1. He worked at Disneyland as a teenager.
“It was an exciting place to work,” Tom Morris shared about his first job with Disney when he was a teenager, one that happened as a result of his previous paper route. “You generally couldn’t get a job there until you were eighteen, but I was very lucky to have… Jack Sayers on my paper route as a neighbor of mine and he told me there were some lessees in the park that started hiring at fourteen, fifteen, sixteen. Basically, he got me a job with the balloon concessions at fourteen and I would work weekends and holidays.” The role allowed Tom to work in five assigned positions, two on Main Street, one in the hub, one in Fantasyland, and one by it’s a small world. “The balloon room was backstage behind Tomorrowland next to the Adventure Thru Inner Space.”
2. He went to the opening ceremony of Walt Disney World.

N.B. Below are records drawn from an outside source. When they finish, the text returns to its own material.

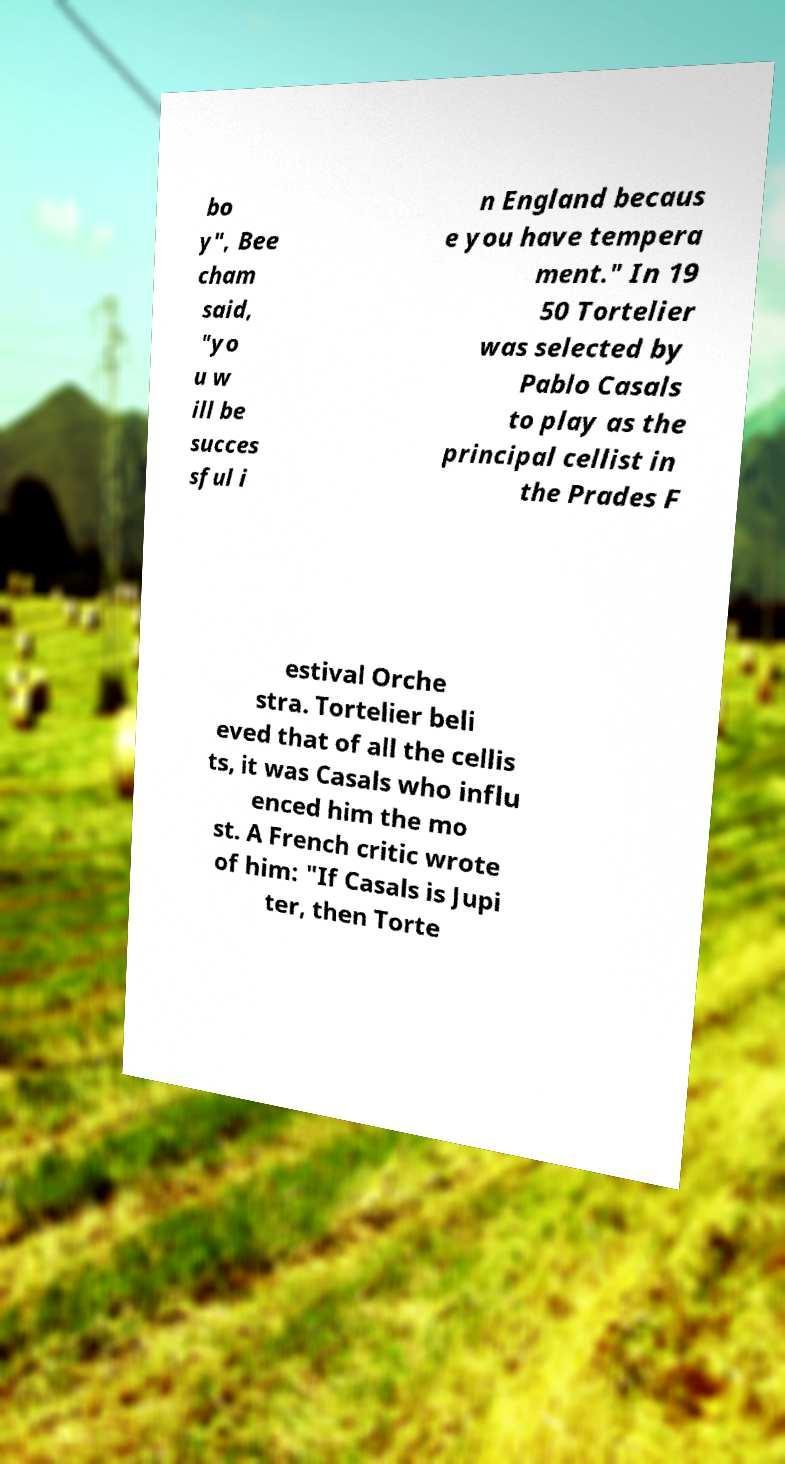Could you assist in decoding the text presented in this image and type it out clearly? bo y", Bee cham said, "yo u w ill be succes sful i n England becaus e you have tempera ment." In 19 50 Tortelier was selected by Pablo Casals to play as the principal cellist in the Prades F estival Orche stra. Tortelier beli eved that of all the cellis ts, it was Casals who influ enced him the mo st. A French critic wrote of him: "If Casals is Jupi ter, then Torte 
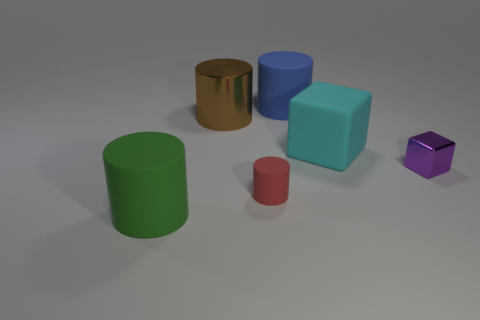Is the number of big cyan matte objects greater than the number of big cylinders?
Your answer should be compact. No. What material is the green cylinder?
Your answer should be very brief. Rubber. There is a metal thing to the right of the brown shiny thing; is its size the same as the brown cylinder?
Offer a very short reply. No. There is a block to the right of the cyan thing; what is its size?
Make the answer very short. Small. Is there anything else that has the same material as the tiny red cylinder?
Give a very brief answer. Yes. What number of gray metal cylinders are there?
Your answer should be very brief. 0. Is the large metallic object the same color as the tiny metallic object?
Provide a succinct answer. No. What is the color of the matte cylinder that is to the right of the big brown thing and in front of the tiny purple shiny thing?
Make the answer very short. Red. There is a tiny matte object; are there any tiny red matte cylinders left of it?
Your answer should be compact. No. How many purple things are right of the rubber cylinder that is on the left side of the tiny red matte object?
Make the answer very short. 1. 
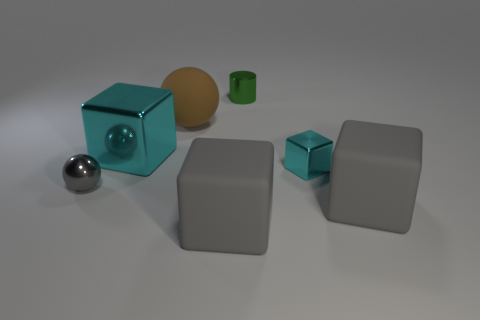Add 2 tiny metal cylinders. How many objects exist? 9 Subtract all cylinders. How many objects are left? 6 Subtract all tiny blue rubber blocks. Subtract all cyan cubes. How many objects are left? 5 Add 7 large brown matte things. How many large brown matte things are left? 8 Add 2 small yellow shiny spheres. How many small yellow shiny spheres exist? 2 Subtract 1 brown spheres. How many objects are left? 6 
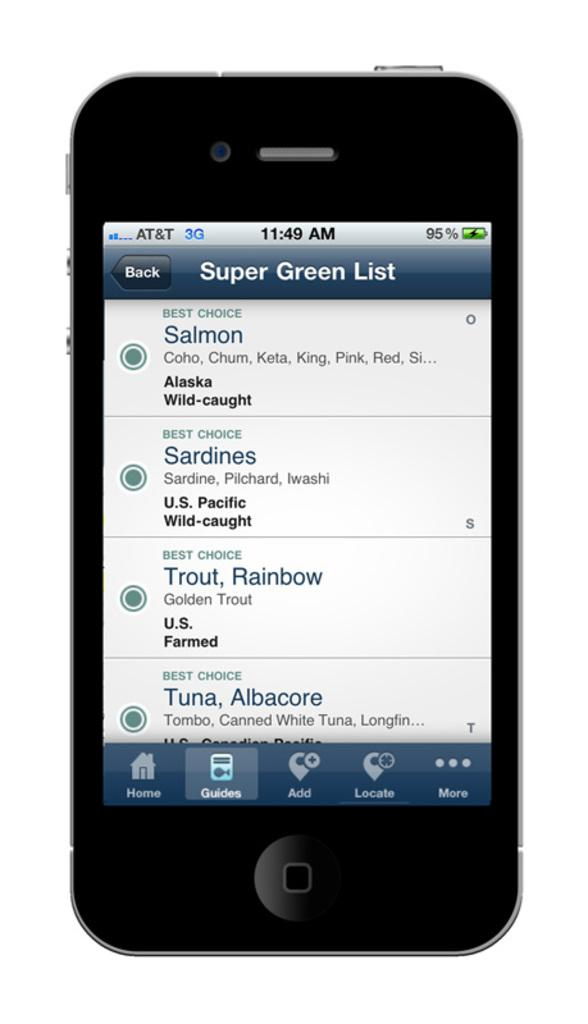<image>
Describe the image concisely. An Apple iPhone is showing a tab that says Super Green List. 
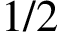Convert formula to latex. <formula><loc_0><loc_0><loc_500><loc_500>1 / 2</formula> 
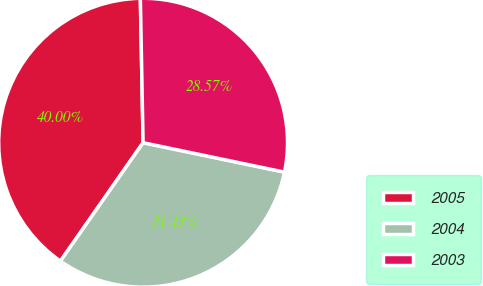Convert chart. <chart><loc_0><loc_0><loc_500><loc_500><pie_chart><fcel>2005<fcel>2004<fcel>2003<nl><fcel>40.0%<fcel>31.43%<fcel>28.57%<nl></chart> 
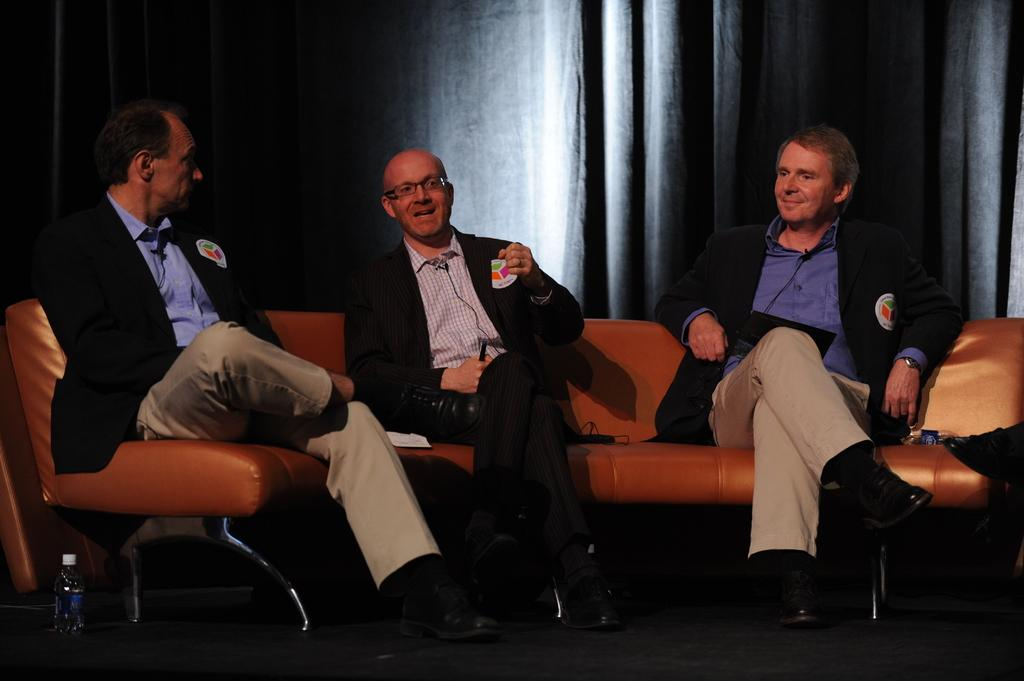How many people are in the image? There are three men in the image. What are the men doing in the image? The men are sitting on a couch. What are the men wearing in the image? The men are wearing suits. What can be seen in the background of the image? There is a black-colored curtain in the background. What object is on the left side of the image? There is a water bottle on the left side of the image. What type of eye is visible on the men's suits in the image? There are no eyes visible on the men's suits in the image. What afterthought might the men have had before sitting on the couch? The image does not provide any information about the men's thoughts or afterthoughts. Is there a locket hanging from the black curtain in the background? There is no locket visible in the image, only a black-colored curtain. 
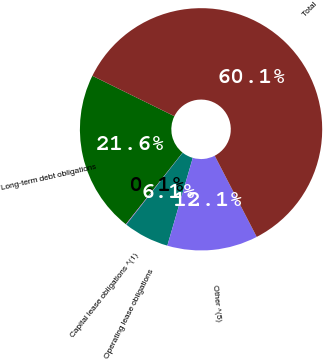Convert chart to OTSL. <chart><loc_0><loc_0><loc_500><loc_500><pie_chart><fcel>Long-term debt obligations<fcel>Capital lease obligations ^(1)<fcel>Operating lease obligations<fcel>Other ^(5)<fcel>Total<nl><fcel>21.62%<fcel>0.08%<fcel>6.09%<fcel>12.09%<fcel>60.12%<nl></chart> 
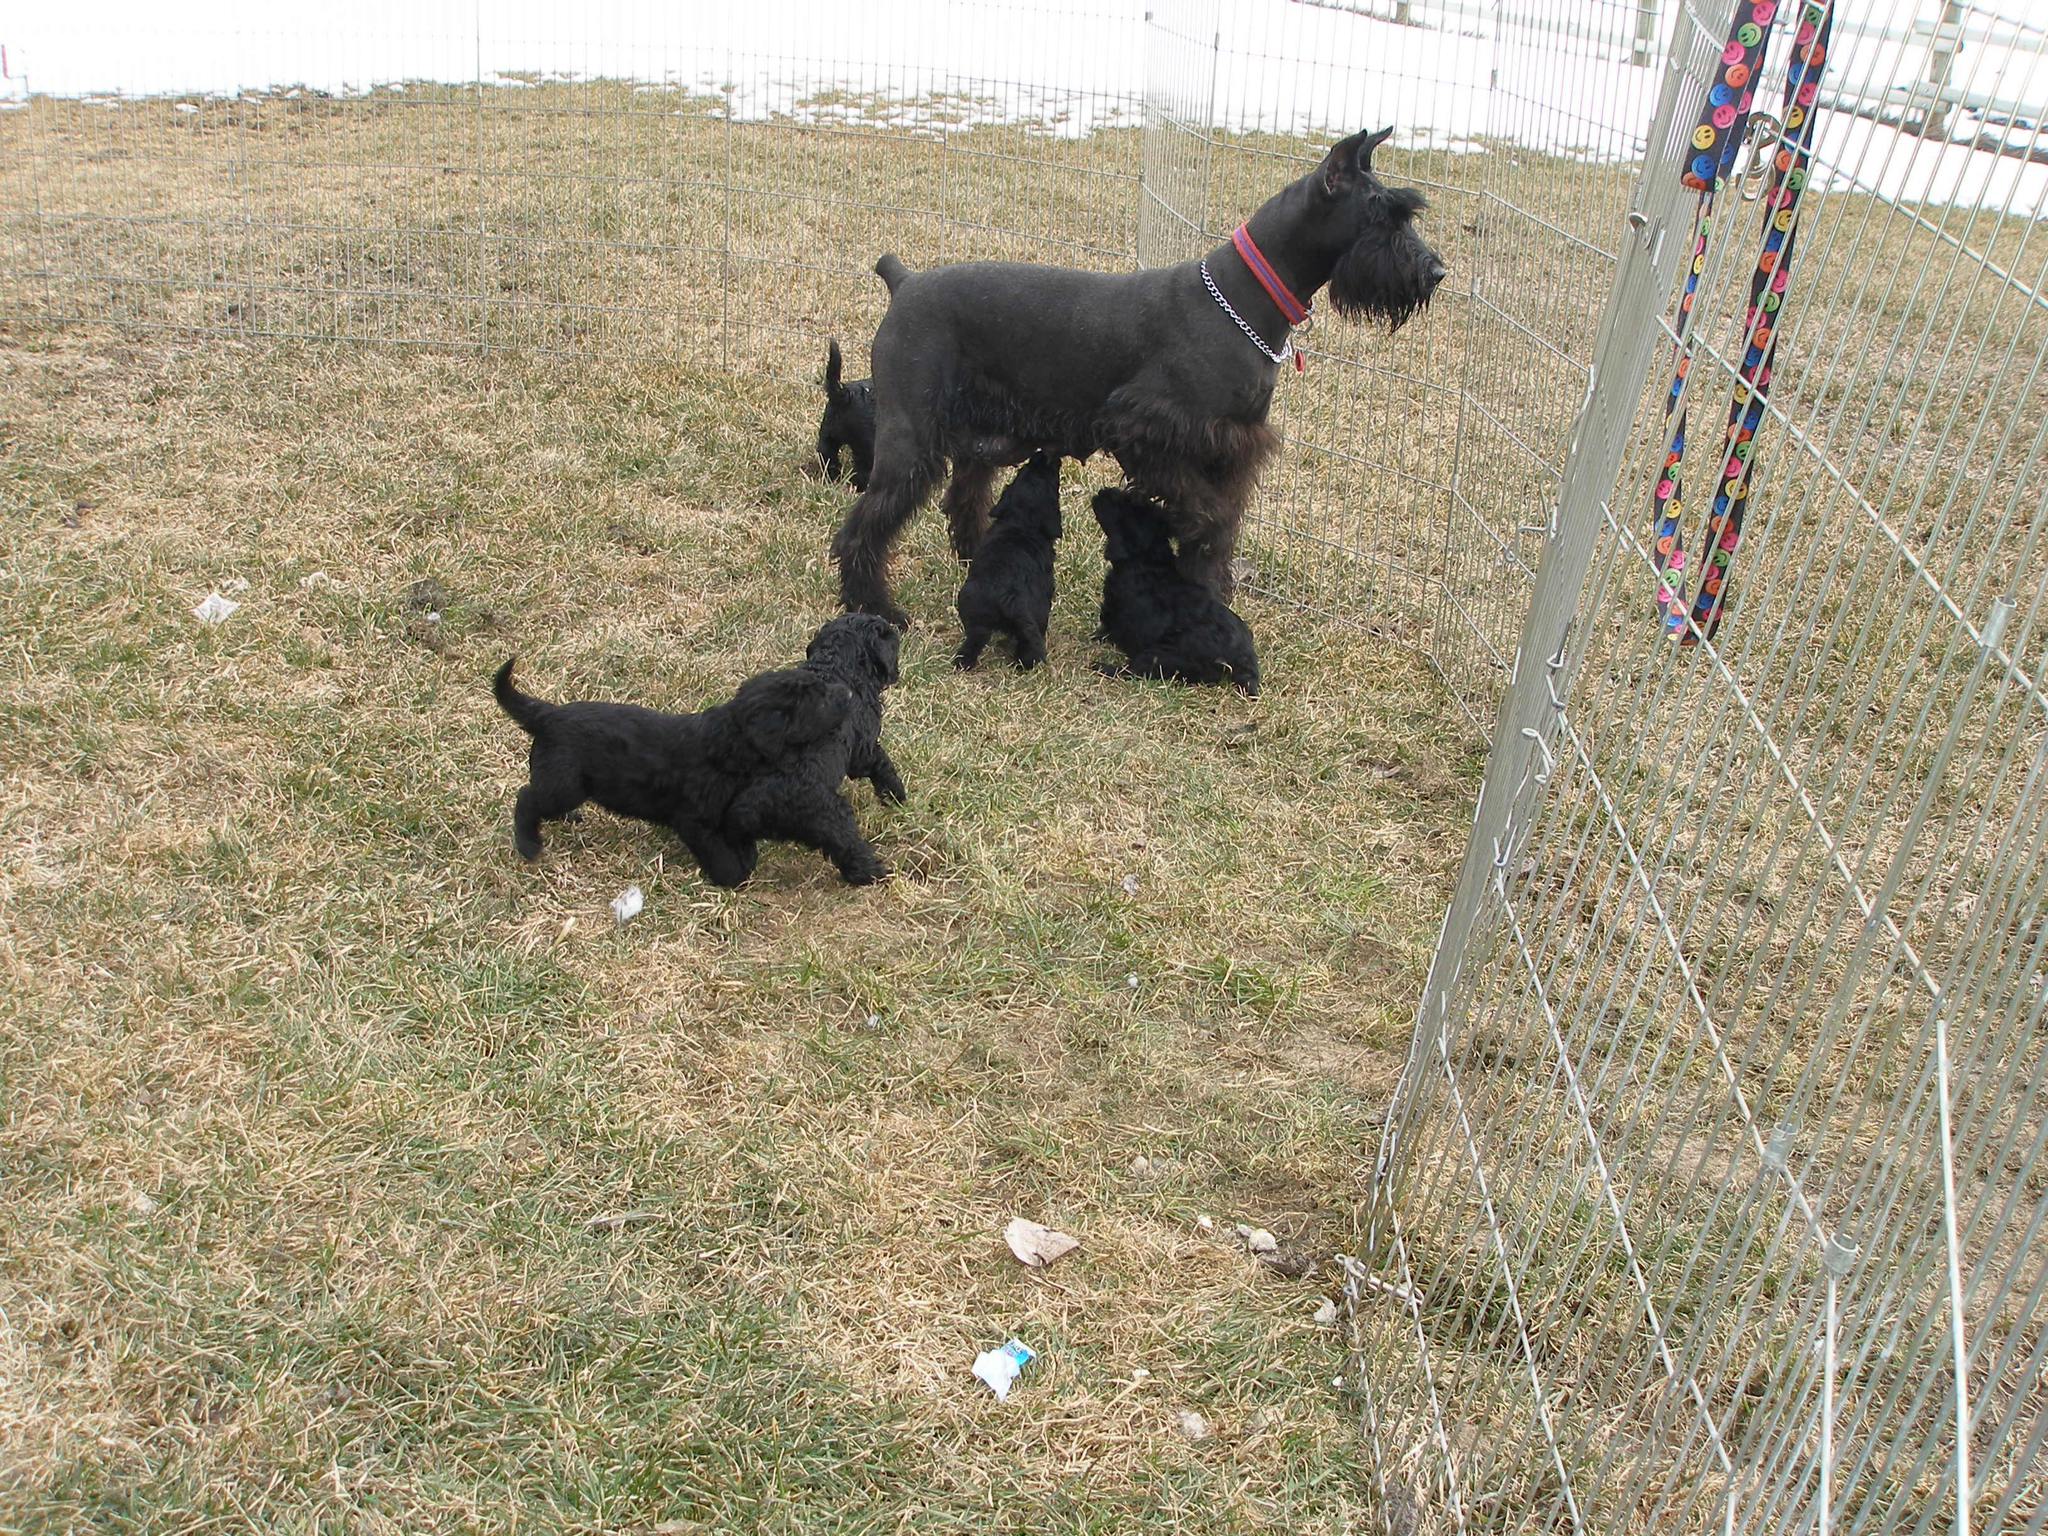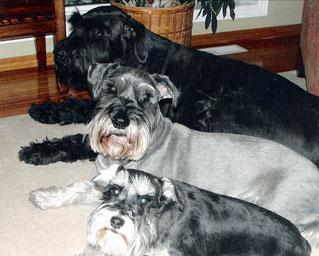The first image is the image on the left, the second image is the image on the right. Given the left and right images, does the statement "Each image contains exactly one schnauzer, and one image shows a schnauzer in some type of bed." hold true? Answer yes or no. No. The first image is the image on the left, the second image is the image on the right. Examine the images to the left and right. Is the description "there is a dog laying in bed" accurate? Answer yes or no. No.

In 1971, Tom Morris saved enough money from his paper route to take a trip to Orlando to attend the grand opening of Walt Disney World.“I was most impressed by the monorail, how everything was linked with the monorail,” he shared about the biggest difference between Disneyland and the Magic Kingdom. “It transformed it into something that seemed important. It wasn’t just an amusement park in the middle of what seemed like the everglades.”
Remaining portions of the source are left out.